Directions –
Write only the number of lines in the entries below that contain the word "each".

Material for this task –
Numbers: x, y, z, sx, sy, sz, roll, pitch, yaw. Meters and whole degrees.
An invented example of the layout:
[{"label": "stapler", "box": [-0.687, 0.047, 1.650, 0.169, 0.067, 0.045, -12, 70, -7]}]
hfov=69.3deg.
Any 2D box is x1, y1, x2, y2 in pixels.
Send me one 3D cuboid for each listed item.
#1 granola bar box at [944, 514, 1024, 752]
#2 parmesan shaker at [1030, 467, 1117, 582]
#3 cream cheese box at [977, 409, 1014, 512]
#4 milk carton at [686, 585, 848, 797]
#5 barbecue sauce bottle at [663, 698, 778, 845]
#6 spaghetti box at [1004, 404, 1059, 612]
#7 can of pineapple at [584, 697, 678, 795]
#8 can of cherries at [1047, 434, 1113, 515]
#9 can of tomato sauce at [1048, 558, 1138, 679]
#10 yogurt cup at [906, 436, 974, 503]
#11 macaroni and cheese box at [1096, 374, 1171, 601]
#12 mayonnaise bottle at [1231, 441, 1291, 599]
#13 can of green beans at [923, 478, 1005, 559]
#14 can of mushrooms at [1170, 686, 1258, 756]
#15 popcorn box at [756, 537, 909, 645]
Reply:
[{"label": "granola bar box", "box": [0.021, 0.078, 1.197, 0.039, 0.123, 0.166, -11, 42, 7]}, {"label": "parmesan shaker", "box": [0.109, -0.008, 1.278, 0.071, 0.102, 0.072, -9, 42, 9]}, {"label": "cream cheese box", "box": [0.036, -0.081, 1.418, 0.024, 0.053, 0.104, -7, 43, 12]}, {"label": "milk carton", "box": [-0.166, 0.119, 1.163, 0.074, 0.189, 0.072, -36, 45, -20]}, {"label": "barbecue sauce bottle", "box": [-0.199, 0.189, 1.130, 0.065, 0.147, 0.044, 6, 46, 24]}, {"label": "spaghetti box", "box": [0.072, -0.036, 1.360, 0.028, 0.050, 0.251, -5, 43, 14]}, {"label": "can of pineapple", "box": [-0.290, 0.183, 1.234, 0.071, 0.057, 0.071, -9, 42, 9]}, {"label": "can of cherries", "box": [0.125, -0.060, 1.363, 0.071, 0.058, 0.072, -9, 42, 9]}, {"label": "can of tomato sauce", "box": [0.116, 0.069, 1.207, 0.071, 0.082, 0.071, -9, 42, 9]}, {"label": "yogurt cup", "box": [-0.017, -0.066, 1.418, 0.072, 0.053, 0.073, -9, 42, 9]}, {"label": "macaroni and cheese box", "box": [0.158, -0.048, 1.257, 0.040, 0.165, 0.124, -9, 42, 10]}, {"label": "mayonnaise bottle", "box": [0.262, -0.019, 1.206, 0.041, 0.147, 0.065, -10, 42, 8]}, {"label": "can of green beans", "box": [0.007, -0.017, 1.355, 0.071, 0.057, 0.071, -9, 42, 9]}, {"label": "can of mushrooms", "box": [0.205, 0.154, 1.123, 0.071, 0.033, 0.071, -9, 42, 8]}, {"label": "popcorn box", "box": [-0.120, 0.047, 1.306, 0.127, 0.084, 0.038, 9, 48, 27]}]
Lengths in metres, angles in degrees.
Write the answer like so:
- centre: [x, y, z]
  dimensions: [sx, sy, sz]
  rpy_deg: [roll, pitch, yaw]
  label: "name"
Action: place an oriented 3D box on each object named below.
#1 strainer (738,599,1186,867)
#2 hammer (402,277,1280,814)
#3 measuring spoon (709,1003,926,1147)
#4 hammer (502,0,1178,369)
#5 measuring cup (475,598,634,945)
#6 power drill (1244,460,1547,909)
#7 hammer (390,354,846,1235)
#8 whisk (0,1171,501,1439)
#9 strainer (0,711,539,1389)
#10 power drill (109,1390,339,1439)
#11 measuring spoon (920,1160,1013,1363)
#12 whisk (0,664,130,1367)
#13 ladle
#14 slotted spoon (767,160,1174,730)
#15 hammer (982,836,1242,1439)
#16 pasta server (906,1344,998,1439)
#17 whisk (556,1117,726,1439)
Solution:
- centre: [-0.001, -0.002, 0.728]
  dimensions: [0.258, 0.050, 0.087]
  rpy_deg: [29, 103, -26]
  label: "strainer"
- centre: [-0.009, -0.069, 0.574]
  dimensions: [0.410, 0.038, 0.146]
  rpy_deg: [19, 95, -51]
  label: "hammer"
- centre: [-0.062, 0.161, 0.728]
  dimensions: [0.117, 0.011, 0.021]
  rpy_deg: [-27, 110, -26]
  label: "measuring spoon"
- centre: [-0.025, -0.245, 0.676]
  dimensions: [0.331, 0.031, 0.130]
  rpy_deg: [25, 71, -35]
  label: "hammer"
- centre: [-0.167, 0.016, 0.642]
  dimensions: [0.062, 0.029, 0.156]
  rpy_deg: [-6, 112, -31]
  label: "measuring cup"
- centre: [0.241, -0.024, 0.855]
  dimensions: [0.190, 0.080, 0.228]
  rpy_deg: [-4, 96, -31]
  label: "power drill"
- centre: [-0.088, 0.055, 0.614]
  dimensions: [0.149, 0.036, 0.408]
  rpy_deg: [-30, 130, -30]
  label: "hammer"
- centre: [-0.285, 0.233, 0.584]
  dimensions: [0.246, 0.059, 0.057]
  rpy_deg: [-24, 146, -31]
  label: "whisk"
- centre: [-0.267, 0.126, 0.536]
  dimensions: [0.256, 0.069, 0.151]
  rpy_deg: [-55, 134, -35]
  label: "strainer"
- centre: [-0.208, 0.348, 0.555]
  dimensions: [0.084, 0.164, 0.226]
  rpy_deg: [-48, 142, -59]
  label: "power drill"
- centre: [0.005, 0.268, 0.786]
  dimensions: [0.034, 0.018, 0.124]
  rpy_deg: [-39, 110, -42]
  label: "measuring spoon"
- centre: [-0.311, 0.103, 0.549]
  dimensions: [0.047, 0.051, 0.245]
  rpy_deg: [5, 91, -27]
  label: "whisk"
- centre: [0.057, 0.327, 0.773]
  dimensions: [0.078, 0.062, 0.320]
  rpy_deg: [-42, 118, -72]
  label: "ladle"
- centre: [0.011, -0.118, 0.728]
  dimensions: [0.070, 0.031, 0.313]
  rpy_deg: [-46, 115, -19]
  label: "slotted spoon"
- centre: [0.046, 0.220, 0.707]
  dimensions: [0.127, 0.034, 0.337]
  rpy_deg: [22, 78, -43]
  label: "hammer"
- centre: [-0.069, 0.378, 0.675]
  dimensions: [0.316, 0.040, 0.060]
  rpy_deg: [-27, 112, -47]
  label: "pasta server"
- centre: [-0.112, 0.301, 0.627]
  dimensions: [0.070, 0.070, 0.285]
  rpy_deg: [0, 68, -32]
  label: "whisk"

Task solution –
2